[Records supplied Boundary: Start]

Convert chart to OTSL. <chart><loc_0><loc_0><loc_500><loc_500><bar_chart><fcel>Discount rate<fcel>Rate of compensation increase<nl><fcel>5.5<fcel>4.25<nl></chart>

[Records supplied Boundary: End]
[Records supplied Boundary: Start]

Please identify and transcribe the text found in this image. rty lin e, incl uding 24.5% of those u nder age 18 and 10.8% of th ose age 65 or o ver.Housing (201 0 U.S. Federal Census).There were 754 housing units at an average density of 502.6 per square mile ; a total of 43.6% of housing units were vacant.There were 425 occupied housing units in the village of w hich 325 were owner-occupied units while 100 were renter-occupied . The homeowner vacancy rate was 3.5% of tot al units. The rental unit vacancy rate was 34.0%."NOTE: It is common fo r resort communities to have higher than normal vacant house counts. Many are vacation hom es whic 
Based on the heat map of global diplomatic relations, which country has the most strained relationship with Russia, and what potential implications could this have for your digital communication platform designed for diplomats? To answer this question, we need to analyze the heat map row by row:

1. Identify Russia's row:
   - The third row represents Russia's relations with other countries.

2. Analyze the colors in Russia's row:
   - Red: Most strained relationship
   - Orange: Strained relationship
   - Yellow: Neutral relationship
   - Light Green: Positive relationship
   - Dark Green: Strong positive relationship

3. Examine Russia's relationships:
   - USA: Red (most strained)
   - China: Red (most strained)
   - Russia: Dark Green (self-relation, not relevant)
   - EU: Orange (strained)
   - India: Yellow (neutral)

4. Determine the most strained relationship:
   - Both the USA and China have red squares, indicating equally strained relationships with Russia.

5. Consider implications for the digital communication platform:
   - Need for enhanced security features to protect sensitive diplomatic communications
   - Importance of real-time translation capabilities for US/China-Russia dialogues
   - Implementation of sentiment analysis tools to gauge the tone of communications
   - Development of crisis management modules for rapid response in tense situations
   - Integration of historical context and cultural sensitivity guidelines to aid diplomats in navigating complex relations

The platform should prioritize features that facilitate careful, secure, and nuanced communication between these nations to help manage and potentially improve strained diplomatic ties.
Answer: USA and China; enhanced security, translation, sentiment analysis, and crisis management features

[Records supplied Boundary: End]

- **Work task**
Filter the records above down to the lines containing "sentiment".

- **Answer box**
   - Implementation of sentiment analysis tools to gauge the tone of communications
Answer: USA and China; enhanced security, translation, sentiment analysis, and crisis management features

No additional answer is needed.